(Given data)
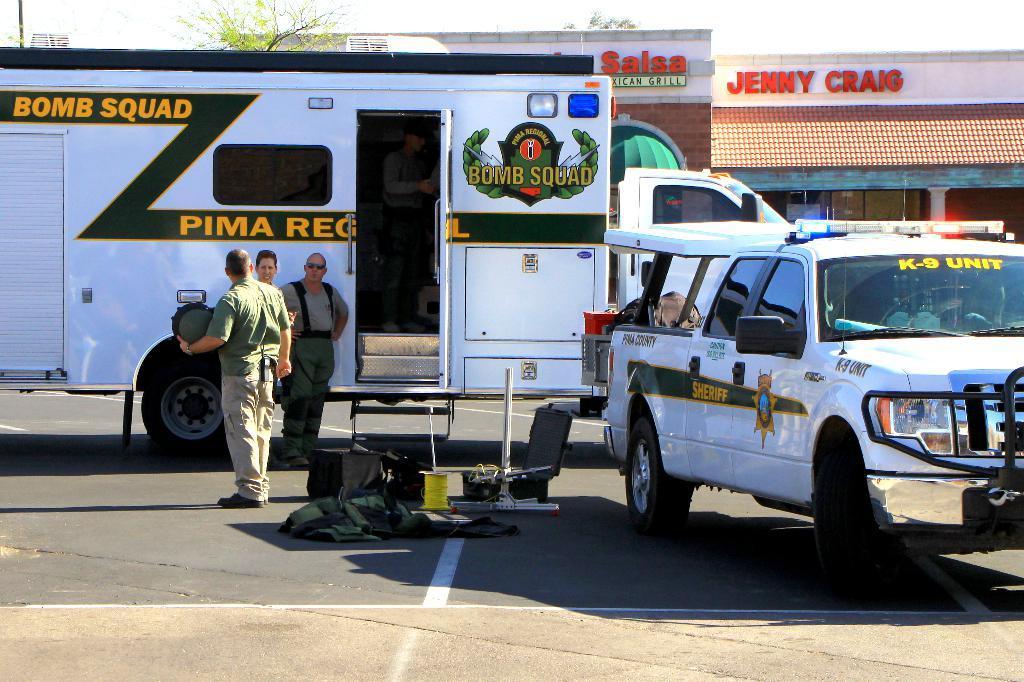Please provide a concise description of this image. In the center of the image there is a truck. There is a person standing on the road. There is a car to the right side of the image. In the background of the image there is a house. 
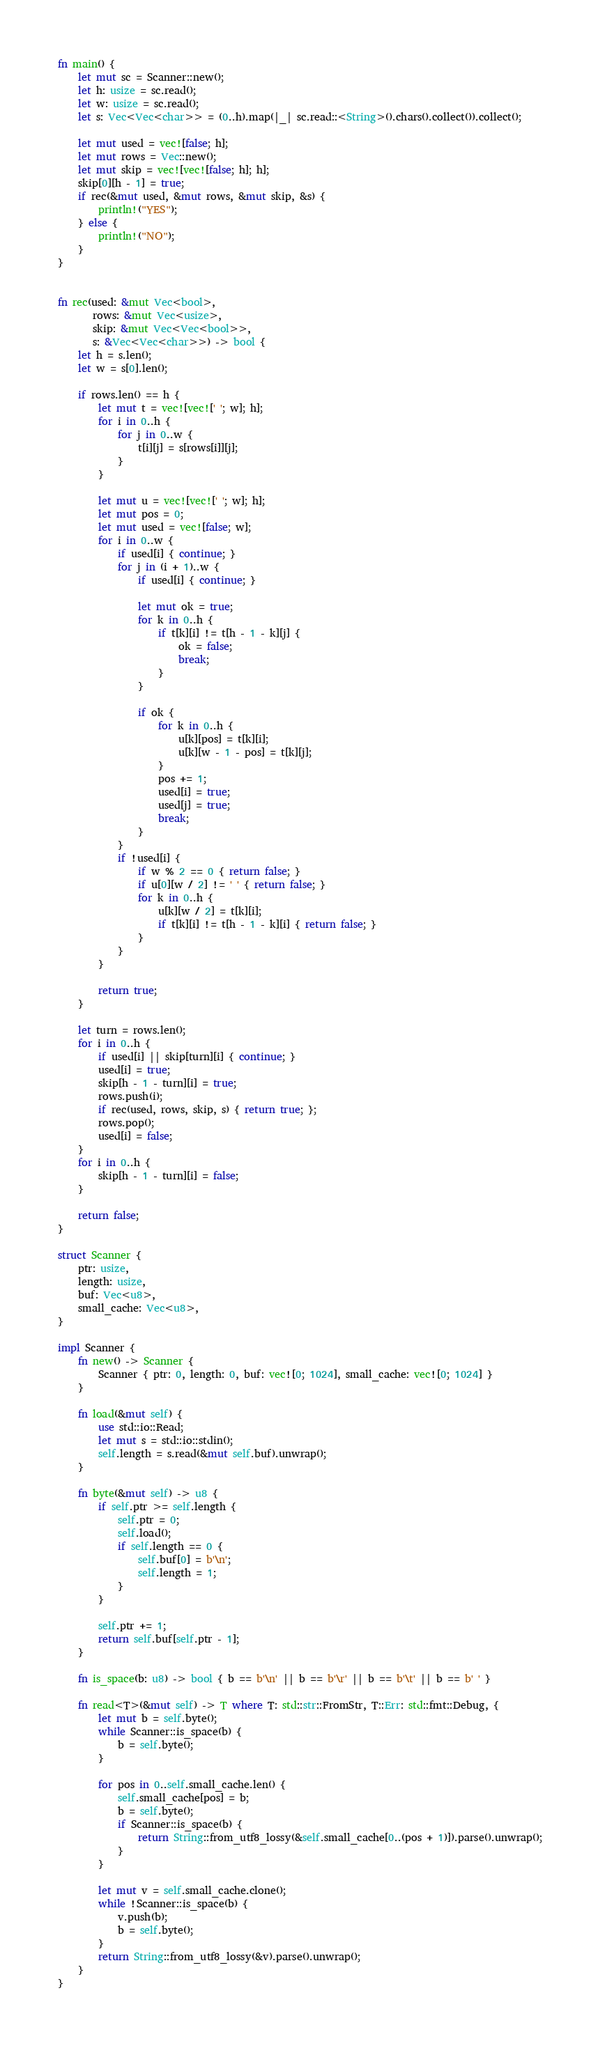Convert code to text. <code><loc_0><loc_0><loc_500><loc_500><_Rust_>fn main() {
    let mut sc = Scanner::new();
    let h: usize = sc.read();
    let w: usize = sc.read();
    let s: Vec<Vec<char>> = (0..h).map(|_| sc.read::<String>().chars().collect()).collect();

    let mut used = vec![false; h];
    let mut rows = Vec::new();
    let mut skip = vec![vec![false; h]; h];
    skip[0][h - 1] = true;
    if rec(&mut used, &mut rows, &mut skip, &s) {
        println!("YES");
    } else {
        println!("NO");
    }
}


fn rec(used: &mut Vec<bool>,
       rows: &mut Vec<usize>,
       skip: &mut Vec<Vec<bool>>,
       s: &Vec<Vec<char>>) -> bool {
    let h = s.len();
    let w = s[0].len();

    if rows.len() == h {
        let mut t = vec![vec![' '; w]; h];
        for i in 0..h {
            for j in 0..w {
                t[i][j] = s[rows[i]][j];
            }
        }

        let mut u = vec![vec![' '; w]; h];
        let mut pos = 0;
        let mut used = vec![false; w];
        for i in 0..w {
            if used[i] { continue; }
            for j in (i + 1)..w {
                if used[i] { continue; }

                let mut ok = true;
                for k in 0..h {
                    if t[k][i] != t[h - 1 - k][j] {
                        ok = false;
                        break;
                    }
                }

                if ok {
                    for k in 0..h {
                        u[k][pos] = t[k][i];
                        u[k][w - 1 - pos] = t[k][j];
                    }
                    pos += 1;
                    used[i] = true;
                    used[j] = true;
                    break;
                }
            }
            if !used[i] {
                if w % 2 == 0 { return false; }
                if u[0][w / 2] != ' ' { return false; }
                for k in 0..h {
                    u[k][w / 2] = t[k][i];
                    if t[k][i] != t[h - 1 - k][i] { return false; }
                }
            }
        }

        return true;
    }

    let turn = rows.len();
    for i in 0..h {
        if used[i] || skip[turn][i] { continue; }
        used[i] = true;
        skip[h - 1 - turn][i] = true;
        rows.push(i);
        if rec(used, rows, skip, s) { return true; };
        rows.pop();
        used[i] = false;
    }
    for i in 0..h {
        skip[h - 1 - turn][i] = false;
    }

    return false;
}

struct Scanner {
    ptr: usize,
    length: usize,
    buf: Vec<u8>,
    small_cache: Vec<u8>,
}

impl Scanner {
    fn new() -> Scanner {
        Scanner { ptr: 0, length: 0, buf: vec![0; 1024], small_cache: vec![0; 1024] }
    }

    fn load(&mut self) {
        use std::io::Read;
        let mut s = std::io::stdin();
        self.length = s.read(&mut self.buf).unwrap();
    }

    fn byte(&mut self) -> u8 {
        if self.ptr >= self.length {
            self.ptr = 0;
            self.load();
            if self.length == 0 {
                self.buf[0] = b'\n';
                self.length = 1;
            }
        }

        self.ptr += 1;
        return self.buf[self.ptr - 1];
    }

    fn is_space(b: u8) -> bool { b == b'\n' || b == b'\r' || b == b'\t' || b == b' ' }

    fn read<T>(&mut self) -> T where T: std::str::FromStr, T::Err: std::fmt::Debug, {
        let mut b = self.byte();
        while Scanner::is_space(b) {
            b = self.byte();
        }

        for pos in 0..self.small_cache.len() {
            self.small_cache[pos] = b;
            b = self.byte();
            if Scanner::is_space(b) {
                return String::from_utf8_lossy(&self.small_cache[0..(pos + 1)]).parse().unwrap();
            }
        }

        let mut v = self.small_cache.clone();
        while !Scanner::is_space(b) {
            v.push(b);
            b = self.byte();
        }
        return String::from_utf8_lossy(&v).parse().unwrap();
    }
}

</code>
(End Given data)
(Given data)
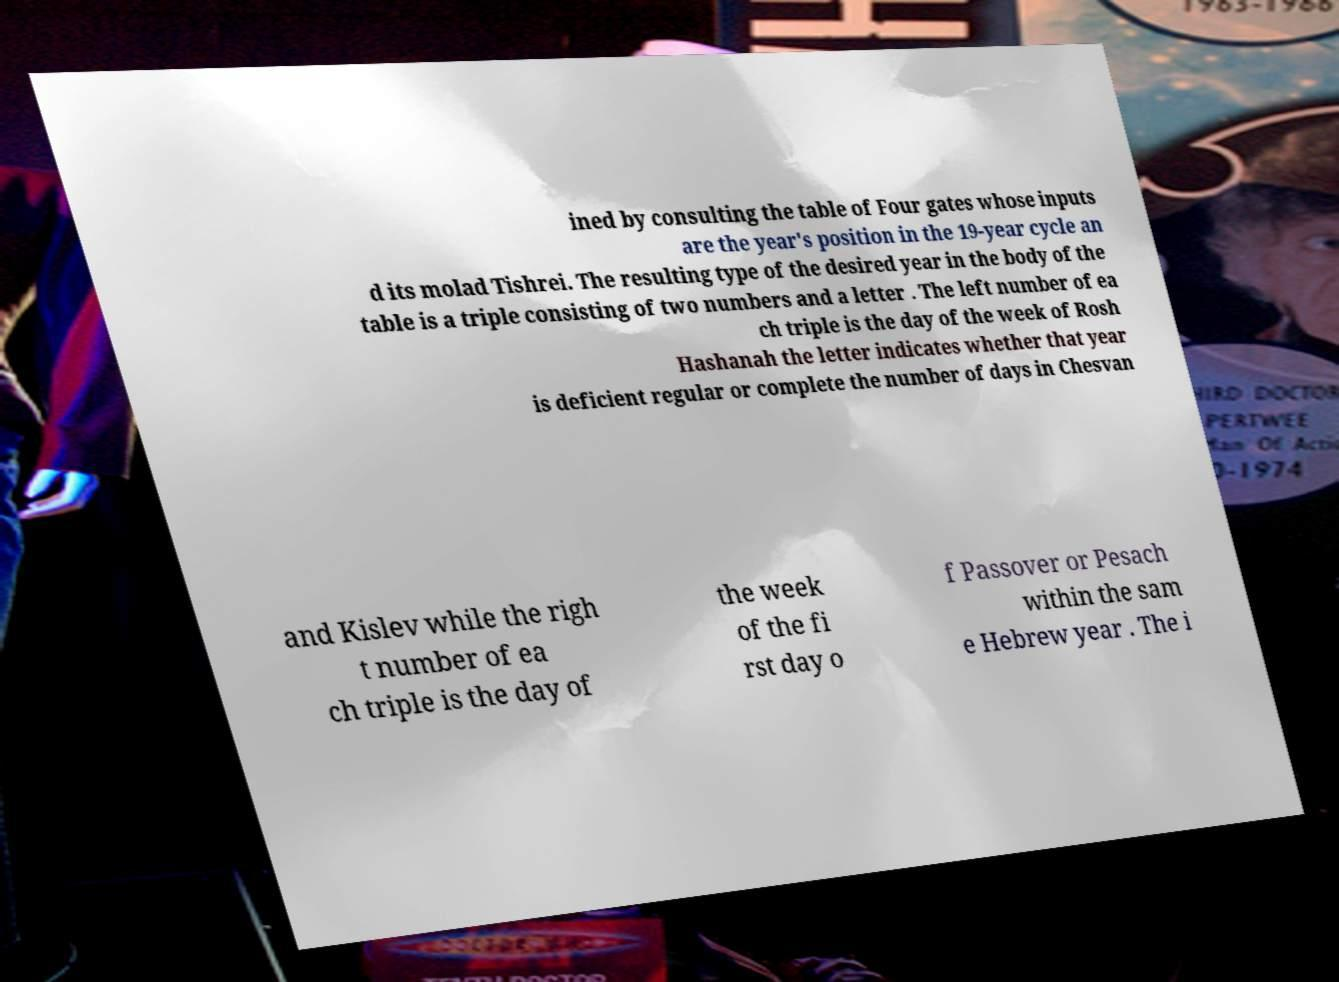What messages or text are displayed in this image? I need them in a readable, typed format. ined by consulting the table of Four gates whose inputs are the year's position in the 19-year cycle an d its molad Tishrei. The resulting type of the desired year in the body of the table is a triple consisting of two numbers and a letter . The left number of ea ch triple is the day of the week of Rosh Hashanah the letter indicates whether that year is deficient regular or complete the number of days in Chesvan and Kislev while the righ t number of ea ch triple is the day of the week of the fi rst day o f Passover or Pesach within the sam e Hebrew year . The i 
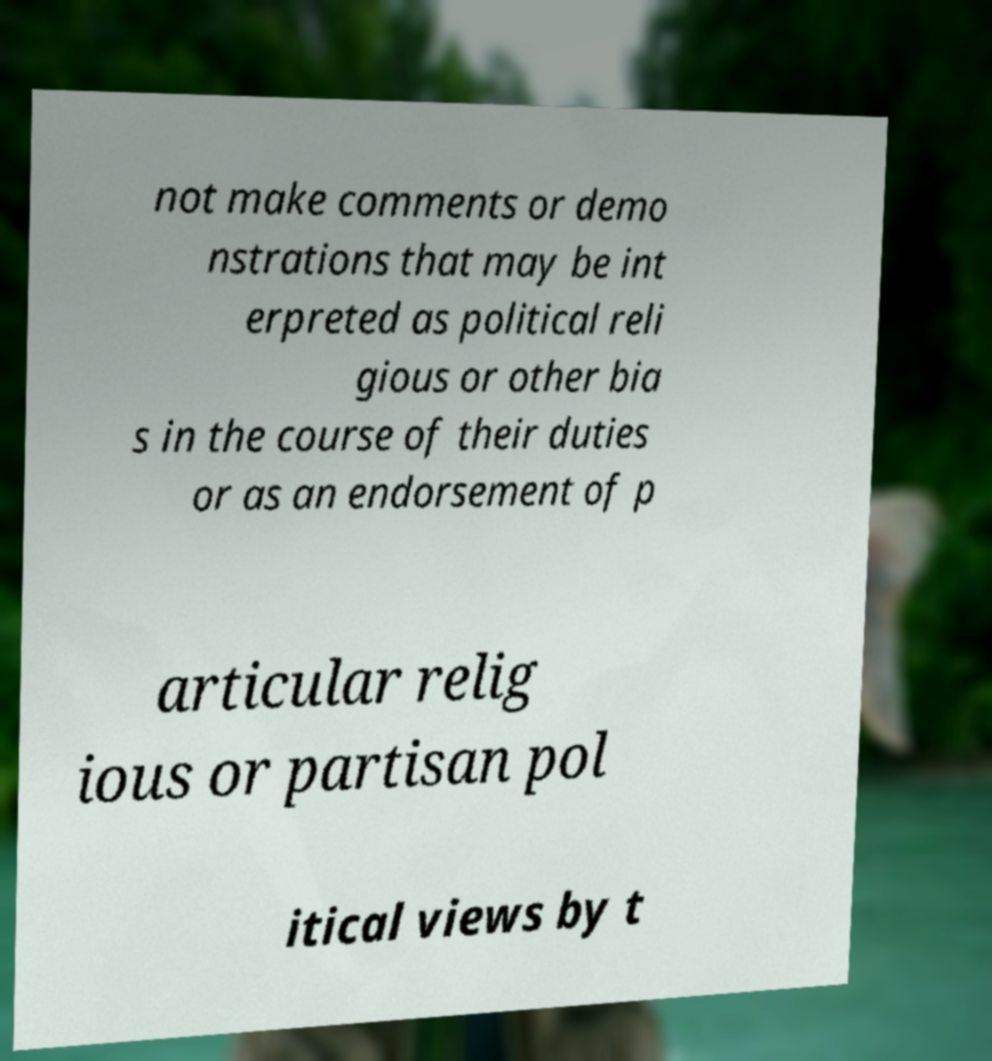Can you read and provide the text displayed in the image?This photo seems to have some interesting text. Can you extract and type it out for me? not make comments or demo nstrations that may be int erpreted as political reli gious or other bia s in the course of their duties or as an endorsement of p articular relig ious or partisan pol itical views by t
(End Given data)
> **Task description**
Using the data above, repeat exactly the lines that begin at the line with "if rows.len() == h" and end at the line with "u[k][pos] = t[k][i];", both ends included.

> **Task solution**
    if rows.len() == h {
        let mut t = vec![vec![' '; w]; h];
        for i in 0..h {
            for j in 0..w {
                t[i][j] = s[rows[i]][j];
            }
        }

        let mut u = vec![vec![' '; w]; h];
        let mut pos = 0;
        let mut used = vec![false; w];
        for i in 0..w {
            if used[i] { continue; }
            for j in (i + 1)..w {
                if used[i] { continue; }

                let mut ok = true;
                for k in 0..h {
                    if t[k][i] != t[h - 1 - k][j] {
                        ok = false;
                        break;
                    }
                }

                if ok {
                    for k in 0..h {
                        u[k][pos] = t[k][i];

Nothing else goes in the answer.